### Dataset entries
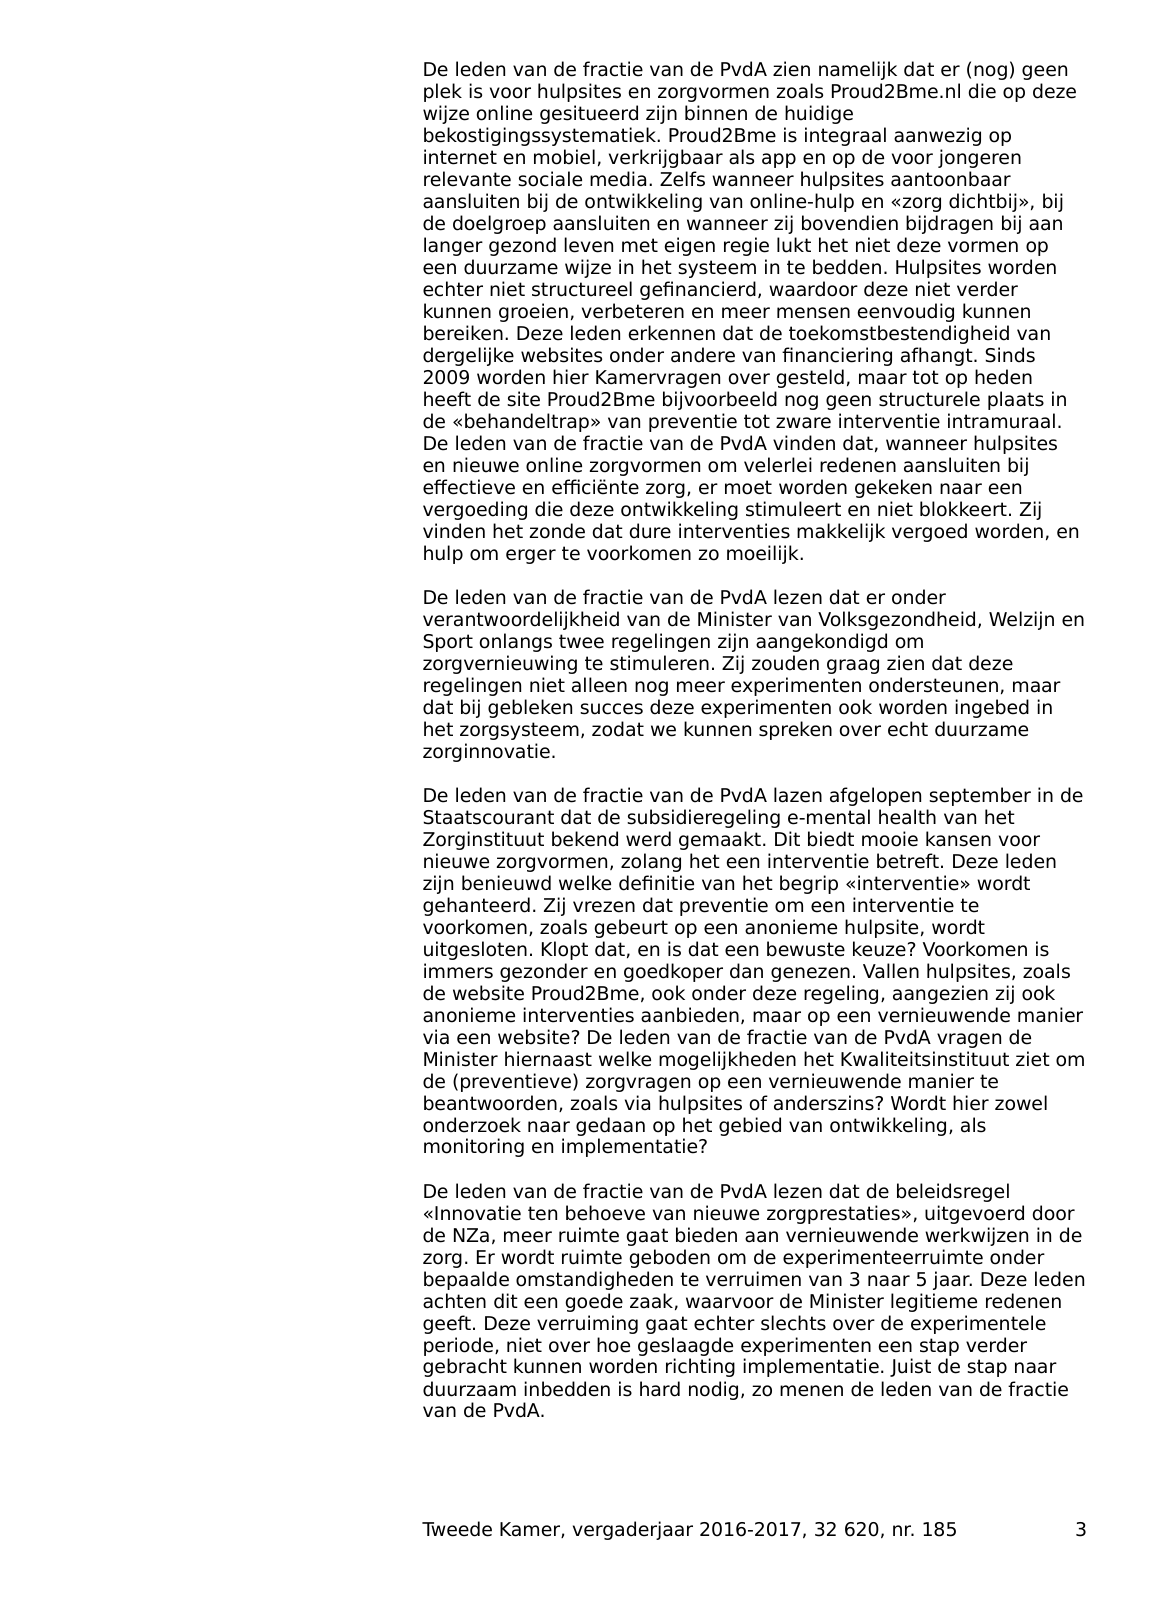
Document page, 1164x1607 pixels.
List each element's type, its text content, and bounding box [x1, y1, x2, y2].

text De leden van de fractie van de PvdA lezen dat er onder verantwoordelijkheid van de Minister van Volksgezondheid, Welzijn en Sport onlangs twee regelingen zijn aangekondigd om zorgvernieuwing te stimuleren. Zij zouden graag zien dat deze regelingen niet alleen nog meer experimenten ondersteunen, maar dat bij gebleken succes deze experimenten ook worden ingebed in het zorgsysteem, zodat we kunnen spreken over echt duurzame zorginnovatie. [422, 587, 1087, 763]
text De leden van de fractie van de PvdA lazen afgelopen september in de Staatscourant dat de subsidieregeling e-mental health van het Zorginstituut bekend werd gemaakt. Dit biedt mooie kansen voor nieuwe zorgvormen, zolang het een interventie betreft. Deze leden zijn benieuwd welke definitie van het begrip «interventie» wordt gehanteerd. Zij vrezen dat preventie om een interventie te voorkomen, zoals gebeurt op een anonieme hulpsite, wordt uitgesloten. Klopt dat, en is dat een bewuste keuze? Voorkomen is immers gezonder en goedkoper dan genezen. Vallen hulpsites, zoals de website Proud2Bme, ook onder deze regeling, aangezien zij ook anonieme interventies aanbieden, maar op een vernieuwende manier via een website? De leden van de fractie van de PvdA vragen de Minister hiernaast welke mogelijkheden het Kwaliteitsinstituut ziet om de (preventieve) zorgvragen op een vernieuwende manier te beantwoorden, zoals via hulpsites of anderszins? Wordt hier zowel onderzoek naar gedaan op het gebied van ontwikkeling, als monitoring en implementatie? [422, 785, 1087, 1158]
text De leden van de fractie van de PvdA lezen dat de beleidsregel «Innovatie ten behoeve van nieuwe zorgprestaties», uitgevoerd door de NZa, meer ruimte gaat bieden aan vernieuwende werkwijzen in de zorg. Er wordt ruimte geboden om de experimenteerruimte onder bepaalde omstandigheden te verruimen van 3 naar 5 jaar. Deze leden achten dit een goede zaak, waarvoor de Minister legitieme redenen geeft. Deze verruiming gaat echter slechts over de experimentele periode, niet over hoe geslaagde experimenten een stap verder gebracht kunnen worden richting implementatie. Juist de stap naar duurzaam inbedden is hard nodig, zo menen de leden van de fractie van de PvdA. [422, 1181, 1087, 1422]
text De leden van de fractie van de PvdA zien namelijk dat er (nog) geen plek is voor hulpsites en zorgvormen zoals Proud2Bme.nl die op deze wijze online gesitueerd zijn binnen de huidige bekostigingssystematiek. Proud2Bme is integraal aanwezig op internet en mobiel, verkrijgbaar als app en op de voor jongeren relevante sociale media. Zelfs wanneer hulpsites aantoonbaar aansluiten bij de ontwikkeling van online-hulp en «zorg dichtbij», bij de doelgroep aansluiten en wanneer zij bovendien bijdragen bij aan langer gezond leven met eigen regie lukt het niet deze vormen op een duurzame wijze in het systeem in te bedden. Hulpsites worden echter niet structureel gefinancierd, waardoor deze niet verder kunnen groeien, verbeteren en meer mensen eenvoudig kunnen bereiken. Deze leden erkennen dat de toekomstbestendigheid van dergelijke websites onder andere van financiering afhangt. Sinds 2009 worden hier Kamervragen over gesteld, maar tot op heden heeft de site Proud2Bme bijvoorbeeld nog geen structurele plaats in de «behandeltrap» van preventie tot zware interventie intramuraal. De leden van de fractie van de PvdA vinden dat, wanneer hulpsites en nieuwe online zorgvormen om velerlei redenen aansluiten bij effectieve en efficiënte zorg, er moet worden gekeken naar een vergoeding die deze ontwikkeling stimuleert en niet blokkeert. Zij vinden het zonde dat dure interventies makkelijk vergoed worden, en hulp om erger te voorkomen zo moeilijk. [422, 59, 1087, 564]
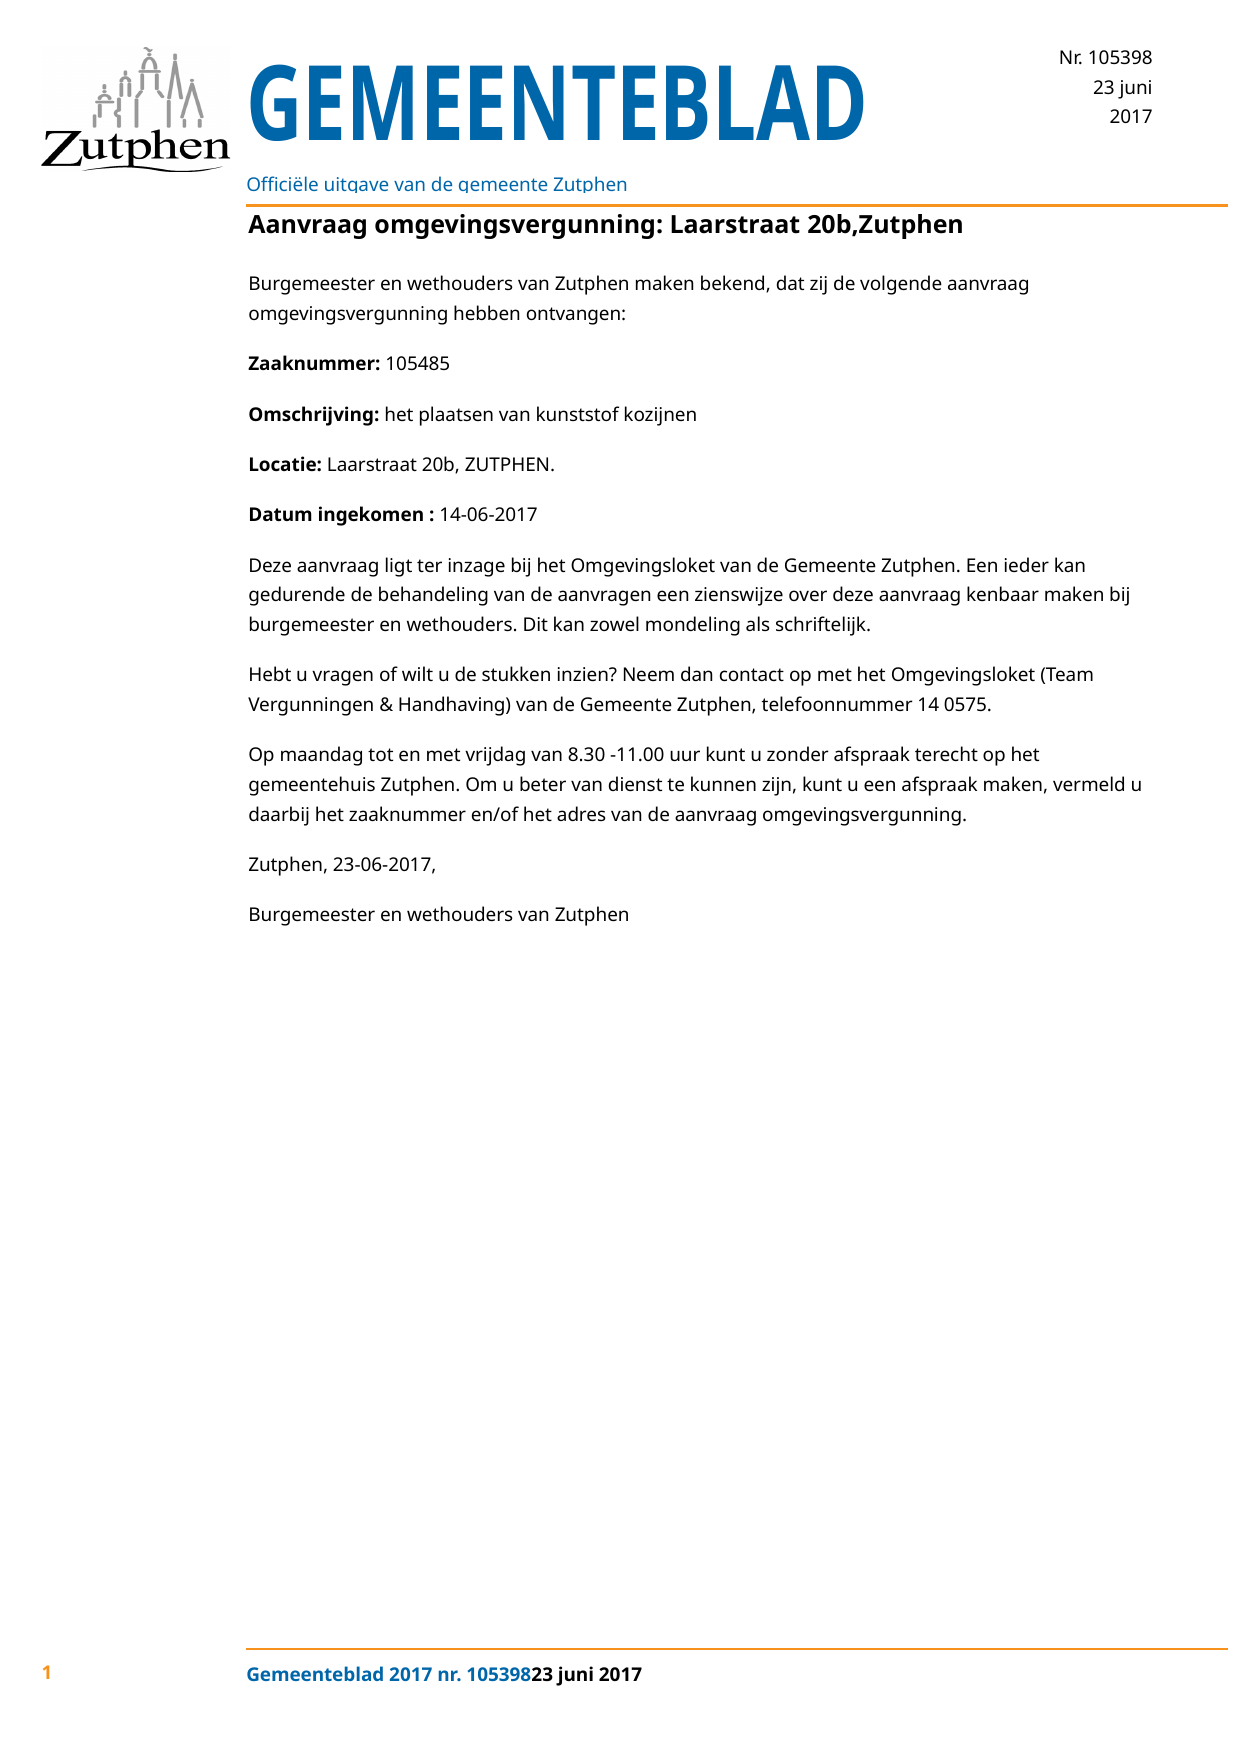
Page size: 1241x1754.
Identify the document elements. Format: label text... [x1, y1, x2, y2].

text Datum ingekomen : 14-06-2017 [248, 502, 1152, 527]
text Burgemeester en wethouders van Zutphen [248, 902, 1152, 927]
picture [41, 47, 231, 172]
text Omschrijving: het plaatsen van kunststof kozijnen [248, 401, 1152, 426]
text Locatie: Laarstraat 20b, ZUTPHEN. [248, 451, 1152, 477]
text Zaaknummer: 105485 [248, 350, 1152, 376]
text Aanvraag omgevingsvergunning: Laarstraat 20b,Zutphen [248, 207, 1152, 241]
text Deze aanvraag ligt ter inzage bij het Omgevingsloket van de Gemeente Zutphen. Een ieder kan gedurende de behandeling van de aanvragen een zienswijze over deze aanvraag kenbaar maken bij burgemeester en wethouders. Dit kan zowel mondeling als schriftelijk. [248, 552, 1152, 637]
text Burgemeester en wethouders van Zutphen maken bekend, dat zij de volgende aanvraag omgevingsvergunning hebben ontvangen: [248, 270, 1152, 326]
text Zutphen, 23-06-2017, [248, 851, 1152, 877]
text Hebt u vragen of wilt u de stukken inzien? Neem dan contact op met het Omgevingsloket (Team Vergunningen & Handhaving) van de Gemeente Zutphen, telefoonnummer 14 0575. [248, 662, 1152, 717]
text Op maandag tot en met vrijdag van 8.30 -11.00 uur kunt u zonder afspraak terecht op het gemeentehuis Zutphen. Om u beter van dienst te kunnen zijn, kunt u een afspraak maken, vermeld u daarbij het zaaknummer en/of het adres van de aanvraag omgevingsvergunning. [248, 742, 1152, 826]
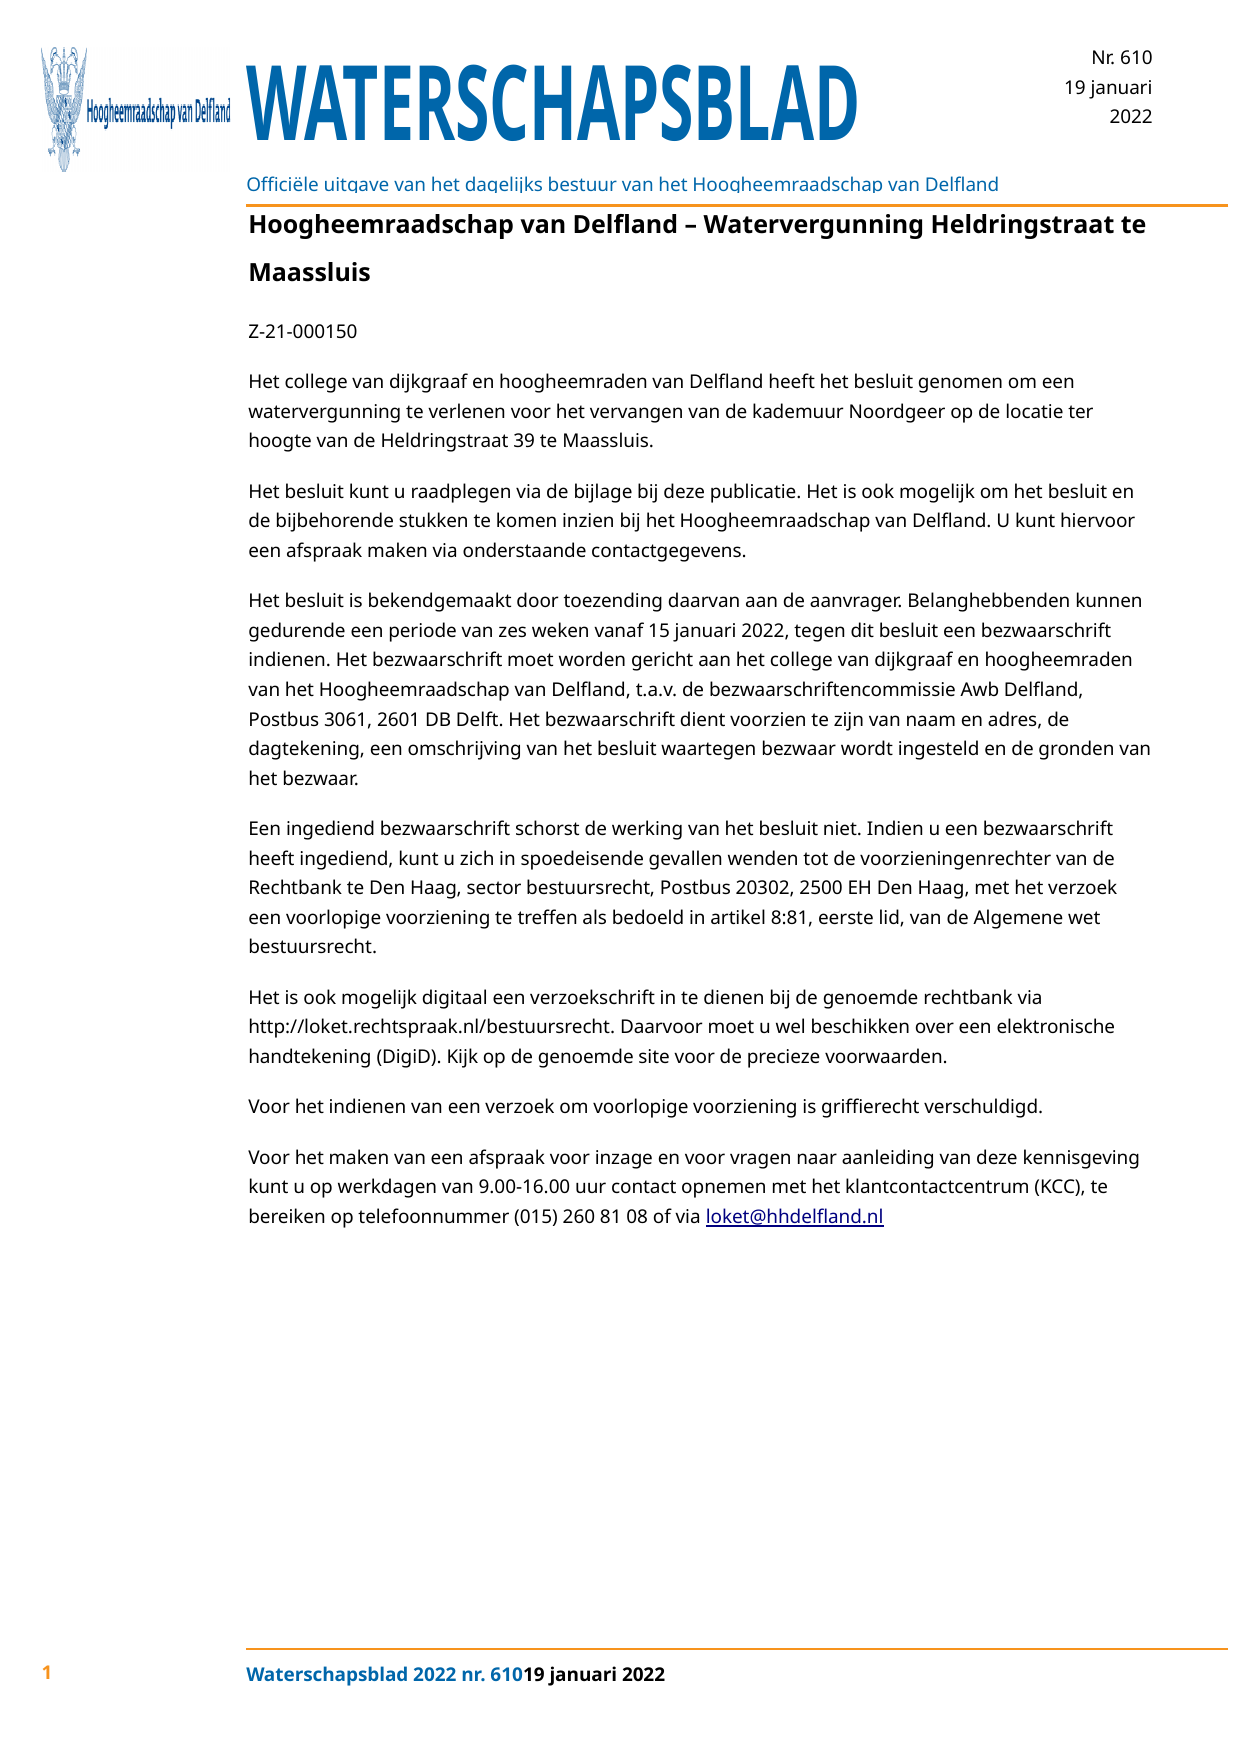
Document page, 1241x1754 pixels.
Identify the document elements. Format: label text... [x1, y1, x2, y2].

text Het besluit kunt u raadplegen via de bijlage bij deze publicatie. Het is ook mogelijk om het besluit en de bijbehorende stukken te komen inzien bij het Hoogheemraadschap van Delfland. U kunt hiervoor een afspraak maken via onderstaande contactgegevens. [248, 478, 1152, 563]
text Een ingediend bezwaarschrift schorst de werking van het besluit niet. Indien u een bezwaarschrift heeft ingediend, kunt u zich in spoedeisende gevallen wenden tot de voorzieningenrechter van de Rechtbank te Den Haag, sector bestuursrecht, Postbus 20302, 2500 EH Den Haag, met het verzoek een voorlopige voorziening te treffen als bedoeld in artikel 8:81, eerste lid, van de Algemene wet bestuursrecht. [248, 815, 1152, 959]
text Voor het maken van een afspraak voor inzage en voor vragen naar aanleiding van deze kennisgeving kunt u op werkdagen van 9.00-16.00 uur contact opnemen met het klantcontactcentrum (KCC), te bereiken op telefoonnummer (015) 260 81 08 of via loket@hhdelfland.nl [248, 1144, 1152, 1229]
text Het besluit is bekendgemaakt door toezending daarvan aan de aanvrager. Belanghebbenden kunnen gedurende een periode van zes weken vanaf 15 januari 2022, tegen dit besluit een bezwaarschrift indienen. Het bezwaarschrift moet worden gericht aan het college van dijkgraaf en hoogheemraden van het Hoogheemraadschap van Delfland, t.a.v. de bezwaarschriftencommissie Awb Delfland, Postbus 3061, 2601 DB Delft. Het bezwaarschrift dient voorzien te zijn van naam en adres, de dagtekening, een omschrijving van het besluit waartegen bezwaar wordt ingesteld en de gronden van het bezwaar. [248, 587, 1152, 791]
text Het college van dijkgraaf en hoogheemraden van Delfland heeft het besluit genomen om een watervergunning te verlenen voor het vervangen van de kademuur Noordgeer op de locatie ter hoogte van de Heldringstraat 39 te Maassluis. [248, 368, 1152, 453]
text Voor het indienen van een verzoek om voorlopige voorziening is griffierecht verschuldigd. [248, 1094, 1152, 1119]
text Het is ook mogelijk digitaal een verzoekschrift in te dienen bij de genoemde rechtbank via http://loket.rechtspraak.nl/bestuursrecht. Daarvoor moet u wel beschikken over een elektronische handtekening (DigiD). Kijk op de genoemde site voor de precieze voorwaarden. [248, 984, 1152, 1069]
text Hoogheemraadschap van Delfland – Watervergunning Heldringstraat te Maassluis [248, 207, 1152, 288]
picture [41, 47, 231, 172]
text Z-21-000150 [248, 318, 1152, 344]

### Description of the task
All that is needed is the line containing "text Het is" and each line after it to the end of the data above, set down exactly.

### Exercise result
text Het is ook mogelijk digitaal een verzoekschrift in te dienen bij de genoemde rechtbank via http://loket.rechtspraak.nl/bestuursrecht. Daarvoor moet u wel beschikken over een elektronische handtekening (DigiD). Kijk op de genoemde site voor de precieze voorwaarden. [248, 984, 1152, 1069]
text Hoogheemraadschap van Delfland – Watervergunning Heldringstraat te Maassluis [248, 207, 1152, 288]
picture [41, 47, 231, 172]
text Z-21-000150 [248, 318, 1152, 344]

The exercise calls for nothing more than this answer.